Normoxic U87MG cells were seeded into several 6-well plates at a density of 105 cells per well and cultured at 37 °C under 21% O2 for 24 h. 100 µg mL−1 HMOP-Fe(CO)5, HMOP-TBHP, or HMOP-TBHP/Fe(CO)5 was added to each well for 6 h of incubation, and then the cells were exposed to 6 Gy of X-ray irradiation. Then all of the cells were harvested and co-stained with annexin V-FITC and PI for flow cytometry analysis.

The procedures of annexin V-FITC/PI dual-staining assay on hypoxic U87MG cells were similar to the above process for normoxic U87MG cells except for incubation of U87MG cells at 37 °C under 1% O2.

More details about the cell uptake evaluation (by flow cytometry analysis and fluorescence imaging) and in vitro therapy evaluation (by MTT assay, comet assay, and calcein AM/PI dual-staining assay) can be found in the Supplementary Methods section.

Animal studies

Healthy female nude mice (4–6 weeks old) were obtained from Harlan Laboratories (Frederick, MD, USA). All animal work was conducted in appliance to the NIH Guide for the Care and Use of Animals under protocols approved by the NIH Clinical Center Animal Care and Use Committee (NIH CC/ACUC).

In vivo toxicity evaluation of HMOP-TBHP/Fe(CO)5

The female nude mice (4–6 weeks old) were intravenously administered with a single dose of HMOP-TBHP/Fe(CO)5 (20 mg mL−1, in 150 µL PBS). Several other mice were used as the control. The mice were anesthetized and dissected at 30 days post-injection. The major organs (heart, liver, spleen, lung, and kidney) were dissected, fixed in a 10% formalin solution and stained with hematoxylin and eosin (H & E) for histological analysis.

In vivo evaluation of synergistic RDT/gas therapy

U87MG cells (2 × 106 cells per site) were implanted subcutaneously into female nude mice (4–6 weeks old).
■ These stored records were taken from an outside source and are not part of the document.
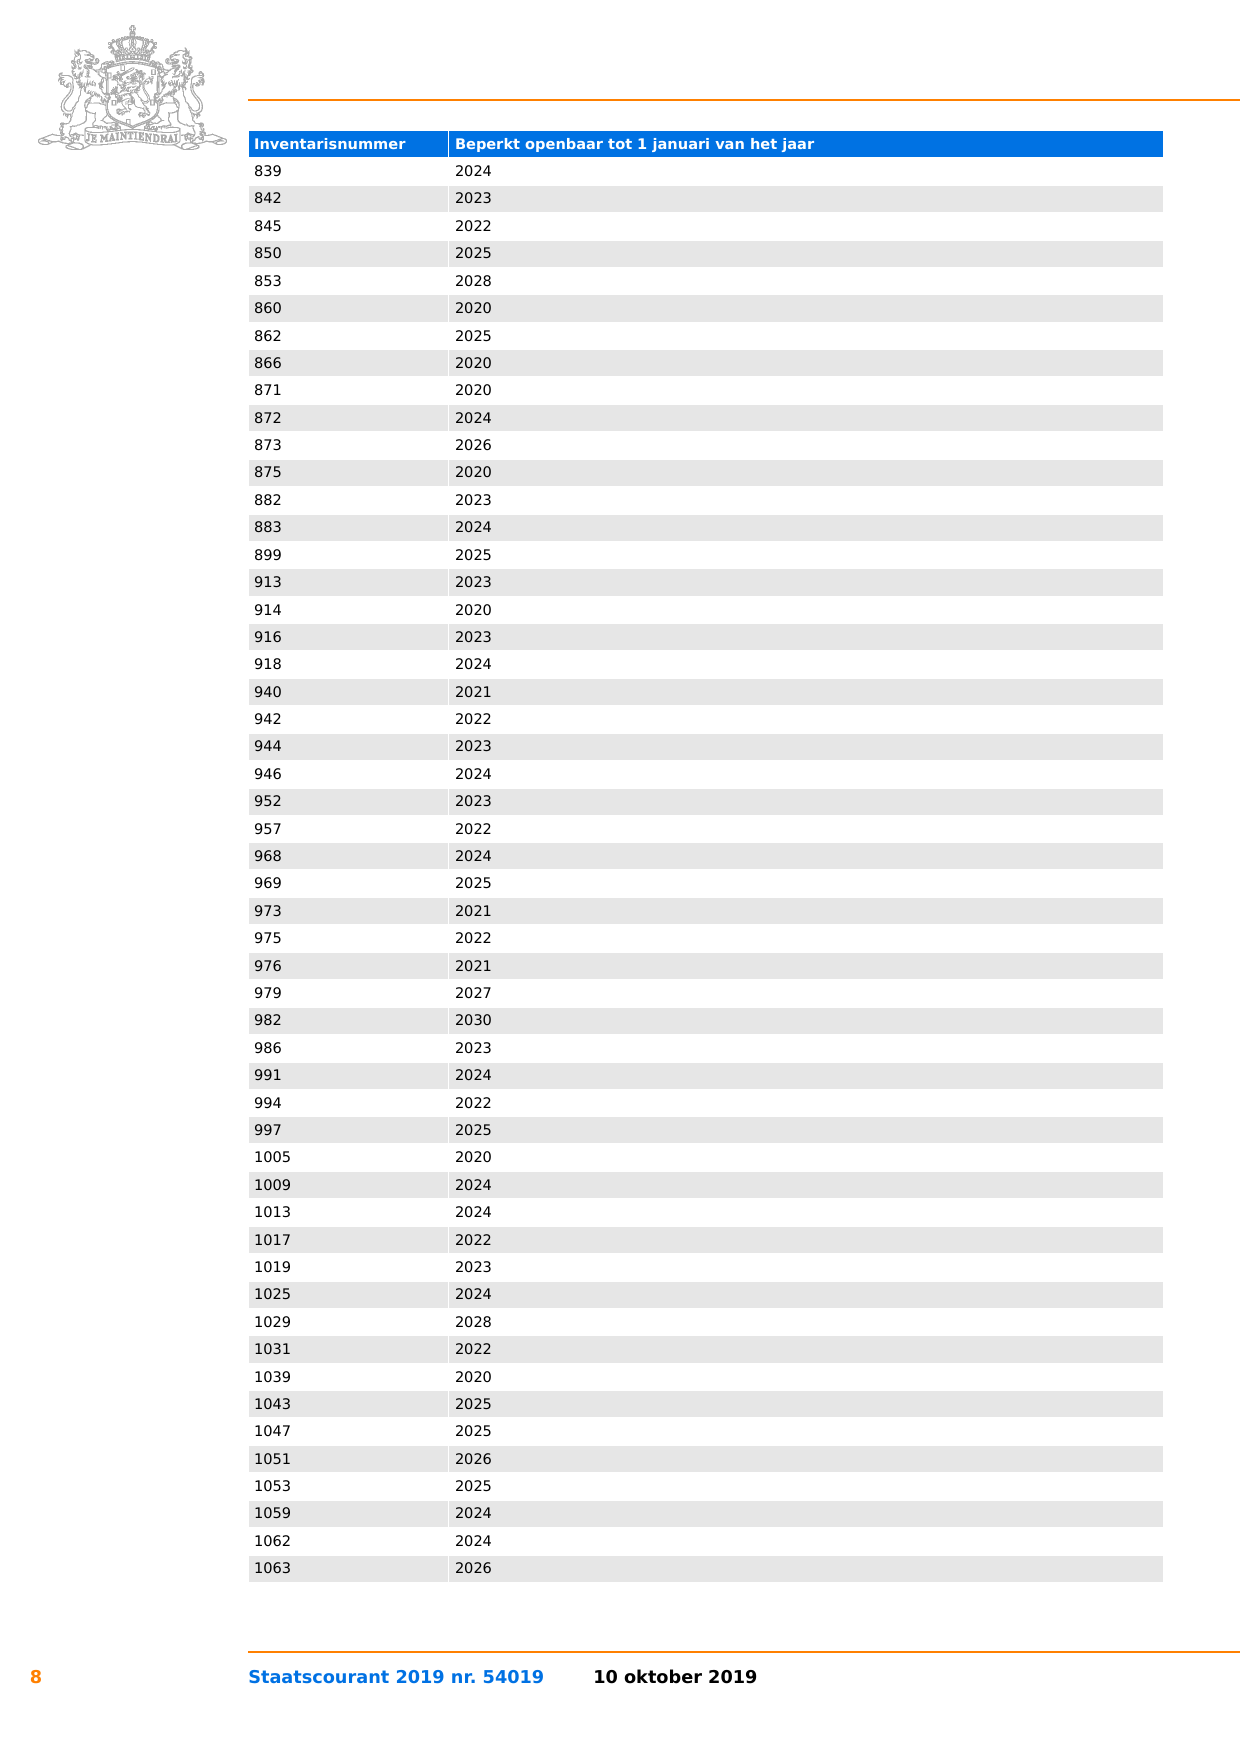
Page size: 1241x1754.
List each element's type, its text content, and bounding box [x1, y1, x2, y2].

table_cell 1029 [249, 1309, 448, 1335]
table_cell 2022 [449, 1090, 1163, 1116]
table_cell 845 [249, 213, 448, 239]
table_cell 2022 [449, 1227, 1163, 1253]
table_cell 2020 [449, 460, 1163, 486]
table_cell 2020 [449, 1364, 1163, 1390]
table_cell 1053 [249, 1473, 448, 1500]
table_cell 1059 [249, 1501, 448, 1527]
table_cell 2022 [449, 1336, 1163, 1363]
table_cell 976 [249, 953, 448, 979]
table_cell 2024 [449, 651, 1163, 678]
table_cell 872 [249, 405, 448, 431]
table_cell 1031 [249, 1336, 448, 1363]
table_cell 991 [249, 1063, 448, 1089]
table_cell 860 [249, 295, 448, 322]
table_cell 2023 [449, 487, 1163, 513]
table_cell 940 [249, 679, 448, 705]
table_cell 2027 [449, 980, 1163, 1007]
table_cell 2026 [449, 432, 1163, 459]
table_cell 2030 [449, 1008, 1163, 1034]
table_cell 2025 [449, 1117, 1163, 1143]
table_cell 1009 [249, 1172, 448, 1198]
table_cell 1025 [249, 1282, 448, 1308]
table_cell 2023 [449, 789, 1163, 815]
table_cell 2024 [449, 843, 1163, 869]
table_cell 2028 [449, 268, 1163, 294]
table_cell 1063 [249, 1556, 448, 1582]
table_cell 2025 [449, 542, 1163, 568]
table_cell 1051 [249, 1446, 448, 1472]
table_cell 2020 [449, 1145, 1163, 1171]
table_cell 952 [249, 789, 448, 815]
table_cell 2022 [449, 816, 1163, 842]
table_cell 853 [249, 268, 448, 294]
table_cell 2025 [449, 241, 1163, 267]
table_cell 2020 [449, 295, 1163, 322]
table_cell 2025 [449, 1419, 1163, 1445]
table_cell 975 [249, 925, 448, 952]
table_cell 2023 [449, 186, 1163, 212]
table_cell 2024 [449, 1199, 1163, 1226]
table_cell 997 [249, 1117, 448, 1143]
table_cell 2024 [449, 1172, 1163, 1198]
table_cell 850 [249, 241, 448, 267]
table_cell 2021 [449, 679, 1163, 705]
table_cell 2024 [449, 1063, 1163, 1089]
table_cell 942 [249, 706, 448, 733]
table_cell 2023 [449, 624, 1163, 650]
table_cell 2021 [449, 898, 1163, 924]
table_cell 2023 [449, 734, 1163, 760]
table_cell 2025 [449, 1473, 1163, 1500]
table_cell 973 [249, 898, 448, 924]
table_cell 2020 [449, 597, 1163, 623]
table_cell 969 [249, 871, 448, 897]
table_cell 842 [249, 186, 448, 212]
table_cell 994 [249, 1090, 448, 1116]
table_cell 2026 [449, 1556, 1163, 1582]
table_cell 968 [249, 843, 448, 869]
table_cell 2024 [449, 405, 1163, 431]
table_cell 866 [249, 350, 448, 376]
table_cell 1005 [249, 1145, 448, 1171]
table_cell 2024 [449, 515, 1163, 541]
table_cell 916 [249, 624, 448, 650]
picture [38, 25, 227, 150]
table_cell 2028 [449, 1309, 1163, 1335]
table_cell 2022 [449, 925, 1163, 952]
table_cell 2026 [449, 1446, 1163, 1472]
table_cell 2022 [449, 706, 1163, 733]
table_cell 871 [249, 378, 448, 404]
table_cell 944 [249, 734, 448, 760]
table_cell 2025 [449, 323, 1163, 349]
table_cell 2023 [449, 1254, 1163, 1281]
table_cell 1017 [249, 1227, 448, 1253]
table_cell 979 [249, 980, 448, 1007]
table_cell 946 [249, 761, 448, 787]
table_cell 2020 [449, 378, 1163, 404]
table_cell 2024 [449, 1528, 1163, 1554]
table_cell 875 [249, 460, 448, 486]
table_cell 873 [249, 432, 448, 459]
table_cell 862 [249, 323, 448, 349]
table_cell 899 [249, 542, 448, 568]
table_cell 914 [249, 597, 448, 623]
table_cell 2023 [449, 569, 1163, 596]
table_cell 2020 [449, 350, 1163, 376]
table_cell 2023 [449, 1035, 1163, 1061]
table_cell 957 [249, 816, 448, 842]
table_header Beperkt openbaar tot 1 januari van het jaar [449, 131, 1163, 157]
table_cell 1039 [249, 1364, 448, 1390]
table_cell 2024 [449, 158, 1163, 185]
table_cell 1013 [249, 1199, 448, 1226]
table_cell 882 [249, 487, 448, 513]
table_cell 1019 [249, 1254, 448, 1281]
table_cell 2025 [449, 1391, 1163, 1417]
table_cell 982 [249, 1008, 448, 1034]
table_cell 2024 [449, 1282, 1163, 1308]
table_cell 839 [249, 158, 448, 185]
table_cell 918 [249, 651, 448, 678]
table_cell 986 [249, 1035, 448, 1061]
table_cell 1043 [249, 1391, 448, 1417]
table_cell 1047 [249, 1419, 448, 1445]
table_cell 883 [249, 515, 448, 541]
table_cell 1062 [249, 1528, 448, 1554]
table_header Inventarisnummer [249, 131, 448, 157]
table_cell 2024 [449, 1501, 1163, 1527]
table_cell 2024 [449, 761, 1163, 787]
table_cell 913 [249, 569, 448, 596]
table_cell 2025 [449, 871, 1163, 897]
table_cell 2021 [449, 953, 1163, 979]
table_cell 2022 [449, 213, 1163, 239]

In vivo therapy experiments were carried out when the tumor reached ~6–8 mm in average diameter. The mice were divided into six groups. The first group of mice received PBS, as control group; the second group was intravenously injected with HMOP-TBHP/Fe(CO)5 (20 mg mL−1, in 150 µL PBS), as HMOP-TBHP/Fe(CO)5 group; the third group was subjected to 8 Gy of X-ray radiation, as RT group; the fourth group was intravenously injected with HMOP-Fe(CO)5 (20 mg mL−1, in 150 µL PBS), and then subjected to 8 Gy of X-ray radiation 24 h later, as HMOP-Fe(CO)5 + RT group; the fifth group was intravenously injected with HMOP-TBHP (20 mg mL−1, in 150 µL PBS), and then subjected to 8 Gy of X-ray radiation 24 h later, as HMOP-TBHP + RT group; the sixth group was intravenously injected with HMOP-TBHP/Fe(CO)5 (20 mg mL−1, in 150 µL PBS), and then subjected to 8 Gy of X-ray radiation 24 h later, as HMOP-TBHP/Fe(CO)5 + RT group. During three week after the corresponding treatments, the volume of tumors was measured every other day and calculated by the following equation: V = L × W2/2. The tumors were sectioned into slices for H&E and TUNEL staining analysis. More details about the X-ray irradiation source and characterization methods can be found in the Supplementary Methods section.

Statistical analysis

Statistical analysis was performed by using Student’s two-tailed t-test with statistical significance assigned at *P < 0.05 (significant), **P < 0.01 (moderately significant), and ***P < 0.001 (highly significant).